NLP is a branch of data science that consists of systematic processes for analyzing, understanding, and deriving information from the text information in a smart and efficient manner. By utilizing NLP and its parts, one can organize the massive chunks of text information, perform various automated tasks and solve a wide range of issues like – automatic summarization, machine translation, named entity recognition, relationship extraction, sentiment analysis, speech recognition, and topic segmentation etc.

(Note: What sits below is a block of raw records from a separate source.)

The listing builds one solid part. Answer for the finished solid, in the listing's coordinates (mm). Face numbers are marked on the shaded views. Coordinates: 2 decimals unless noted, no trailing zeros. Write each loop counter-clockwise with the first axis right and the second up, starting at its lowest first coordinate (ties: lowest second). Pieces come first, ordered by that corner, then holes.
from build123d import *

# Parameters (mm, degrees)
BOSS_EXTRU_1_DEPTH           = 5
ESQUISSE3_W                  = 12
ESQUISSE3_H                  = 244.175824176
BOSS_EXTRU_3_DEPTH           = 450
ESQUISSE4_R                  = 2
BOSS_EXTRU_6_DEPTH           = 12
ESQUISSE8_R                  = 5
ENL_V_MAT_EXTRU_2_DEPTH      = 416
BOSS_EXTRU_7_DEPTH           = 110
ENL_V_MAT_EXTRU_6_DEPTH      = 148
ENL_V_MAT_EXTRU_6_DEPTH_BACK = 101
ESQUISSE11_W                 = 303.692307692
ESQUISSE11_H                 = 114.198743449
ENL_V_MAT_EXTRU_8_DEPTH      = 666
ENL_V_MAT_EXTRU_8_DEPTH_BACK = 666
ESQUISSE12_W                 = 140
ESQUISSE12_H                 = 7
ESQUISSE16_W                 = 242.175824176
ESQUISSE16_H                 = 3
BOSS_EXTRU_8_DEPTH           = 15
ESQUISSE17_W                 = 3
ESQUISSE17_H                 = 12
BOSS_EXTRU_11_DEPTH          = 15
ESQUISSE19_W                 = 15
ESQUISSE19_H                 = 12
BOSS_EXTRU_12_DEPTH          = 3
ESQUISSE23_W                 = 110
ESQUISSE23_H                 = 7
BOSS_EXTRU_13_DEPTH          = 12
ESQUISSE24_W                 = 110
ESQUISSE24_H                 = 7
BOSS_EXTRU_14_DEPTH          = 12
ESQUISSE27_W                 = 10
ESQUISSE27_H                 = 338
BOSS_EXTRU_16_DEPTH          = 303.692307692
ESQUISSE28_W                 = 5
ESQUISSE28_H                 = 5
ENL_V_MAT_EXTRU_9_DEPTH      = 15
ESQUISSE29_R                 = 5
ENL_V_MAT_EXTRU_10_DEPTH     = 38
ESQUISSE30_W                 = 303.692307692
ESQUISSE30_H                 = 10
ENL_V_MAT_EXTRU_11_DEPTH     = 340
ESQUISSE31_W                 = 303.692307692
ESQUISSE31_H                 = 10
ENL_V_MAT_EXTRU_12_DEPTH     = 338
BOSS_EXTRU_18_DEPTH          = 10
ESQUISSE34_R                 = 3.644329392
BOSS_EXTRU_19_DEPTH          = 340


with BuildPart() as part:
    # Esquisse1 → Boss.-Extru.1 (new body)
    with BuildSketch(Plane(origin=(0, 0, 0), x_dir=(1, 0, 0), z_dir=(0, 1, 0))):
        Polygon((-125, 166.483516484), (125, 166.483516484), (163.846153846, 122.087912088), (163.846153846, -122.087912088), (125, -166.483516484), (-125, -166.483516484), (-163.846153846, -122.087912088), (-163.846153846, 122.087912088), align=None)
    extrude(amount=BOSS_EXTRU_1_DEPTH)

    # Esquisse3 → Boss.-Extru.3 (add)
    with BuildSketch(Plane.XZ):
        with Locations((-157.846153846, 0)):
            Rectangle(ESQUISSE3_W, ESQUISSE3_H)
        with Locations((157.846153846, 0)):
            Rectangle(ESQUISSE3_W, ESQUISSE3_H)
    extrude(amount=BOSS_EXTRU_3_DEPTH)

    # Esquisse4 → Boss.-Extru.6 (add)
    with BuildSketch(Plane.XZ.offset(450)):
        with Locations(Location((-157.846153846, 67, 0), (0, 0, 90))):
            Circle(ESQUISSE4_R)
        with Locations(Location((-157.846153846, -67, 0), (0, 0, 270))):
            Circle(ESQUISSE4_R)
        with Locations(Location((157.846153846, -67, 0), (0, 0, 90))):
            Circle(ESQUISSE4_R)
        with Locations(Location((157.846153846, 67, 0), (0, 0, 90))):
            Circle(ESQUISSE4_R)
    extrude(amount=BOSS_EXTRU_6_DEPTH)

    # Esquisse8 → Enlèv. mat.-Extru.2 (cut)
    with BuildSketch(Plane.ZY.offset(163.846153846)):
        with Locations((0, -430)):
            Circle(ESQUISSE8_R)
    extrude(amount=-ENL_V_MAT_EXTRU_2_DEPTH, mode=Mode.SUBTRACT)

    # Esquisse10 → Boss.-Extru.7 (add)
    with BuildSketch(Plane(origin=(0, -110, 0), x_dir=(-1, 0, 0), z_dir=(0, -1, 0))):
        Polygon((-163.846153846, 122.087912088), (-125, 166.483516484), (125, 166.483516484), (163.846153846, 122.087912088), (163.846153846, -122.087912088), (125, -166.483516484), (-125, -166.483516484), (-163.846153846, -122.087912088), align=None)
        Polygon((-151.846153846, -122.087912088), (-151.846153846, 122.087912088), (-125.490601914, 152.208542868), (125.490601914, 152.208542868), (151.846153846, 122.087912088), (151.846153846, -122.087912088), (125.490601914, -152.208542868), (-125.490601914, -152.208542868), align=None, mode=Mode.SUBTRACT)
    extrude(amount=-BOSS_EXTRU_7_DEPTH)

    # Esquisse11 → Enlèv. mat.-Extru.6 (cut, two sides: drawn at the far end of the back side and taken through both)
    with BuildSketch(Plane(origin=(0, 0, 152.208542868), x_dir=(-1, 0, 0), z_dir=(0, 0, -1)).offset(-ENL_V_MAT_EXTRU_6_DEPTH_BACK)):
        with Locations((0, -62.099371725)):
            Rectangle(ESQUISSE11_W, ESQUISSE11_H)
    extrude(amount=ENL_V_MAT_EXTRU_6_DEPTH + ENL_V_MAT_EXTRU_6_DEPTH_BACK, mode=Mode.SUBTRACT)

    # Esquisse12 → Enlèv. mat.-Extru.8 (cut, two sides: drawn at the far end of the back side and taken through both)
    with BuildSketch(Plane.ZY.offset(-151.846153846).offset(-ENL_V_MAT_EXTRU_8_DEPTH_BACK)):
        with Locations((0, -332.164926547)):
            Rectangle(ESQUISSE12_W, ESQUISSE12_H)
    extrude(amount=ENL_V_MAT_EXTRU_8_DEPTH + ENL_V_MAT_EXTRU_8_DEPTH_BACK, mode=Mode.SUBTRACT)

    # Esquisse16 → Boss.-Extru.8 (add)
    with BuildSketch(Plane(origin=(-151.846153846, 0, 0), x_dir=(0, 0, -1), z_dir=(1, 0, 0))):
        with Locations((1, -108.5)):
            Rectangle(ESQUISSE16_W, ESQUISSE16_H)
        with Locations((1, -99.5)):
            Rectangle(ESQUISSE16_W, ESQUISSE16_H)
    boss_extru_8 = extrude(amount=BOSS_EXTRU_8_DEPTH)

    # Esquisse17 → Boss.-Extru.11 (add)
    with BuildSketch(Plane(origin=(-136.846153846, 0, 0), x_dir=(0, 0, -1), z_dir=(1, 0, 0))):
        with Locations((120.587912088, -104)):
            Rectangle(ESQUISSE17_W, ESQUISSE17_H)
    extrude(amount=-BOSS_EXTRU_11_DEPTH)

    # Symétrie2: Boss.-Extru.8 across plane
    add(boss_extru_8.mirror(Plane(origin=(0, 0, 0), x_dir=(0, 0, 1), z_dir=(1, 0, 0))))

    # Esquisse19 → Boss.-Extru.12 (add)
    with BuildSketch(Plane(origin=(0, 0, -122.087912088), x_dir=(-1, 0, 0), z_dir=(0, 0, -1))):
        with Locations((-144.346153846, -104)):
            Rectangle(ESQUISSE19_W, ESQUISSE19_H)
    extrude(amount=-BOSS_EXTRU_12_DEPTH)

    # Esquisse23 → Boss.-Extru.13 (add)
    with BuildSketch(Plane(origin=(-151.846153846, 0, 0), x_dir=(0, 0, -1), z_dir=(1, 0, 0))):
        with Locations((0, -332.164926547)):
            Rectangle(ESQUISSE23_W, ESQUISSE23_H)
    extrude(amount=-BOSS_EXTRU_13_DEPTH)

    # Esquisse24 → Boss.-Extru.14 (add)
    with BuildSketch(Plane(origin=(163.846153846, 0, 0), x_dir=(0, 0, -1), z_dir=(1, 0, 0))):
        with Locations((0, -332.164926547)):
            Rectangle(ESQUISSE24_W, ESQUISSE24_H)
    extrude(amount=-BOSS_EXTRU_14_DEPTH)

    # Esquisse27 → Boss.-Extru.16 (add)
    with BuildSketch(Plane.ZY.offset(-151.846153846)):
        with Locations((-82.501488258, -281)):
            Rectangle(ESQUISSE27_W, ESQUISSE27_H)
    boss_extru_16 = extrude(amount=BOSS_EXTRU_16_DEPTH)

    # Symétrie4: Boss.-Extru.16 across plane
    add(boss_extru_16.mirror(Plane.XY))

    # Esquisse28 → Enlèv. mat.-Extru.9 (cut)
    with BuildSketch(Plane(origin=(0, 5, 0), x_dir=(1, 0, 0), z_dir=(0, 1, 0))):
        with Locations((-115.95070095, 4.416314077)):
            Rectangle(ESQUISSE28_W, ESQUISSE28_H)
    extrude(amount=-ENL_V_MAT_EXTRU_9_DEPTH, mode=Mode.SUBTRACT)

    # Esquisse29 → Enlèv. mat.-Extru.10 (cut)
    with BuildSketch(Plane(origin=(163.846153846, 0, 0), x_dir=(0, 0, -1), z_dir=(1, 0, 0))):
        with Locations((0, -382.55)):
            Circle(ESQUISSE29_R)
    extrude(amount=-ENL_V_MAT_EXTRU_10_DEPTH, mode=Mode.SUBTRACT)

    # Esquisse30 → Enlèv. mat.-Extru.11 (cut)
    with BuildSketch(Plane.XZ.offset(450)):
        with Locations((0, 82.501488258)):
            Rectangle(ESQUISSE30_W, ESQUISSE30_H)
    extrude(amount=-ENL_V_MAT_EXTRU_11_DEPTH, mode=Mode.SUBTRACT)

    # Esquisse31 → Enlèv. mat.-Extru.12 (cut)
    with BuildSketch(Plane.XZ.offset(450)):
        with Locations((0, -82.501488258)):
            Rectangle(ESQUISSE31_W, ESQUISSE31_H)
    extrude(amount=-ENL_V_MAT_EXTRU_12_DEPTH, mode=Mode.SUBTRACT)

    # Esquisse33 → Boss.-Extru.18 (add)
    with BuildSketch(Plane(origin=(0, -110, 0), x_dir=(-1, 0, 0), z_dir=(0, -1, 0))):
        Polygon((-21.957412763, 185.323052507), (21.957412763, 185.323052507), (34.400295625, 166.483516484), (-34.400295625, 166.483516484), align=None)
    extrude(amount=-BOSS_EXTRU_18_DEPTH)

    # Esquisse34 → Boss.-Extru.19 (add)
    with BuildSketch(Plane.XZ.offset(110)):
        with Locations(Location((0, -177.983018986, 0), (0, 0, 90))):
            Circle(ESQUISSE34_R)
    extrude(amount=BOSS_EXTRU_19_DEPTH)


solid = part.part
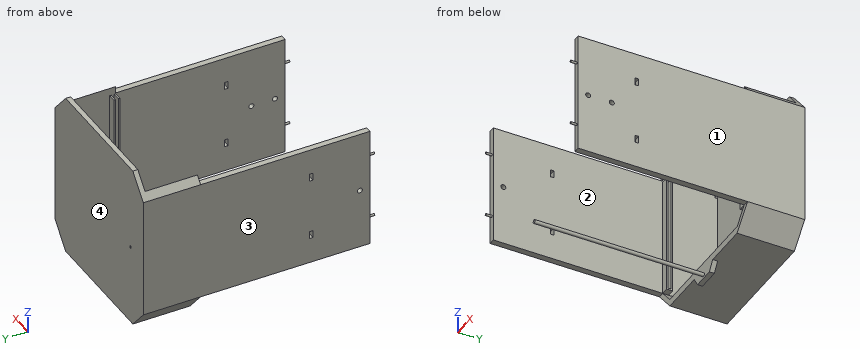
Q1. Given pin 1 (3 mm diameter, centred on x = -5.5, y = -337, fed in from -Z); pin 2 (1 mm diameter, centred on y = -66, z = 124.5, fed in from +X); pin 3 (3.5 mm diameter, centred on x = -157, z = -54.5, fed in from -Y); pin 4 (1.5 mm diameter, centred on x = -14.5, z = 12, fed in from -Y), each flat-ended and moving along its own axis, determine where each tip first touches the part or whether it passes through.
Answers below:
pin 1: passes through
pin 2: stops at x = 162.17
pin 3: stops at y = -450
pin 4: stops at y = 0
Q2. The part is cut by section D-D, the plane y = -52.5. Write down the section's boundary in (x, z).
Answers below:
outline: (-163.85, -122.09) - (-125, -166.48) - (125, -166.48) - (163.85, -122.09) - (163.85, 122.09) - (151.85, 135.8) - (151.85, -122.09) - (125.49, -152.21) - (-125.49, -152.21) - (-151.85, -122.09) - (-151.85, 135.8) - (-163.85, 122.09) - close
Q3. Determine the mould class of the marked faces 1, 2, 3 and 4 for opening direction X: released by +X, released by -X, zero draft, split by the parting line, or undercut.
Answers below:
face 1: released by +X
face 2: undercut
face 3: released by -X
face 4: zero draft
Q4. The part is cut by section C-C, the plane z = 85.5. Write down the section's boundary in (x, y), then the cut area to 3 significant figures.
Answers below:
outline: (-163.85, -450) - (-151.85, -450) - (-151.85, -110) - (-136.85, -110) - (-136.85, -107) - (-151.85, -107) - (-151.85, -101) - (-136.85, -101) - (-136.85, -98) - (-151.85, -98) - (-151.85, 0) - (151.85, 0) - (151.85, -98) - (136.85, -98) - (136.85, -101) - (151.85, -101) - (151.85, -107) - (136.85, -107) - (136.85, -110) - (151.85, -110) - (151.85, -450) - (163.85, -450) - (163.85, 5) - (-163.85, 5) - close
area: 12,600 mm2
Q5. The part is cut by section B-B, the plane x = -11.5. Write down the section's boundary in (y, z), then the cut area to 3 significant figures.
Answers below:
outline: (-110, -185.32) - (-100, -185.32) - (-100, -166.48) - (5, -166.48) - (5, 166.48) - (-5, 166.48) - (-5, 152.21) - (0, 152.21) - (0, -152.21) - (-110, -152.21) - close
area: 3,490 mm2
Q6. Find the intervals of material crossed by probe 1 along Y at (x, z) = (160.5, 0); probe 2 along X at (y, z) = (-293, -93); probe 3 along Y at (x, z) = (-158.5, 0), in increasing order.
Answers below:
probe 1: y = -450 to -435, -425 to -387.55, -377.55 to 5
probe 2: x = -163.85 to -151.85, 151.85 to 163.85
probe 3: y = -450 to -435, -425 to 5
Q7. The part is cut by section A-A, the plane y = -344.5. Write down the section's boundary in (x, z), then the cut area to 3 significant figures.
Answers below:
outline: (-163.85, -122.09) - (-151.85, -122.09) - (-151.85, 122.09) - (-163.85, 122.09) - close; circle Ø7.29 at (0, -177.98); (151.85, -122.09) - (163.85, -122.09) - (163.85, 122.09) - (151.85, 122.09) - close
area: 5,900 mm2

NLTK (Natural Language Toolkit) is a leading platform for building Python programs to work with human language data. It provides easy-to-use interfaces to lexical resources like WordNet, along with a collection of text processing libraries for classification, tokenization, stemming, and tagging, parsing, and semantic reasoning, wrappers for industrial-strength NLP libraries.
NLTK has been called “a wonderful tool for teaching and working in, computational linguistics using Python,” and “an amazing library to play with natural language.”
Downloading and installing NLTK
The main issue with text data is that it's all in text format. However, the Machine learning algorithms need some variety of numerical feature vector so as to perform the task. Thus before we have a tendency to begin with any NLP project we'd like to pre-process it to form it ideal for working. Basic text pre-processing includes:
import nltk
from nltk.tokenize import word_tokenize
text = "God is Great! I won a lottery."
print(word_tokenize(text))
Output: ['God', 'is', 'Great', '!', 'I', 'won', 'a', 'lottery', '.']
import nltk
from nltk.corpus import stopwords
set(stopwords.words('english'))
# import these modules
from nltk.stem import PorterStemmer
from nltk.tokenize import word_tokenize
ps = PorterStemmer()
# choose some words to be stemmed
words = ["Connect", "Connects", “Connected”, "Connecting", "Connection", "Connections"]
for w in words:
print(w, " : ", ps.stem(w))
# import these modules
from nltk.stem import WordNetLemmatizer
lemmatizer = WordNetLemmatizer()
print("rocks :", lemmatizer.lemmatize("rocks"))
print("corpora :", lemmatizer.lemmatize("corpora"))
# a denotes adjective in "pos"
print("better :", lemmatizer.lemmatize("better", pos ="a"))
-> rocks : rock
-> corpora : corpus
-> better : good
Now we need to transform text into a meaningful vector array. This vector array is a representation of text that describes the occurrence of words within a document. For example, if our dictionary contains the words {Learning, is, the, not, great}, and we want to vectorize the text “Learning is great”, we would have the following vector: (1, 1, 0, 0, 1). A problem is that extremely frequent words begin to dominate within the document (e.g. larger score), however might not contain as much informational content. Also, it will offer additional weight to longer documents than shorter documents.
One approach is to rescale the frequency of words or the scores for frequent words called Term Frequency-Inverse Document Frequency.
TF = (Number of times term t appears in a document)/ (Number of terms in the document)
IDF = 1+log(N/n), where, N is the number of documents and n is the number of documents a term t has appeared in.
Tf-idf weight is a weight often used in information retrieval and text mining.
Tf-IDF can be implemented in scikit learn as:
from sklearn.feature_extraction.text import TfidfVectorizer
corpus = [
... 'This is the first document.’
... 'This document is the second document.’
... 'And this is the third one.’
... 'Is this the first document?',]
>>> vectorizer = TfidfVectorizer()
>>> X = vectorizer.fit_transform(corpus)
>>> print(vectorizer.get_feature_names())
['and', 'document', 'first', 'is', 'one', 'second', 'the', 'third', 'this']
>>> print(X.shape)
(4, 9)
Cosine Similarity (d1, d2) = Dot product(d1, d2) / ||d1|| * ||d2||
import numpy as np
from sklearn.metrics.pairwise import cosine_similarity
# vectors
a = np.array([1,2,3])
b = np.array([1,1,4])
# manually compute cosine similarity
dot = np.dot(a, b)
norma = np.linalg.norm(a)
normb = np.linalg.norm(b)
cos = dot / (norma * normb)
After completion of cosine similarity matric we perform algorithmic operation on it for Document similarity calculation, sentiment analysis, topic segmentation etc.
I have done my best to make the article simple and interesting for you, hope you found it useful and interesting too.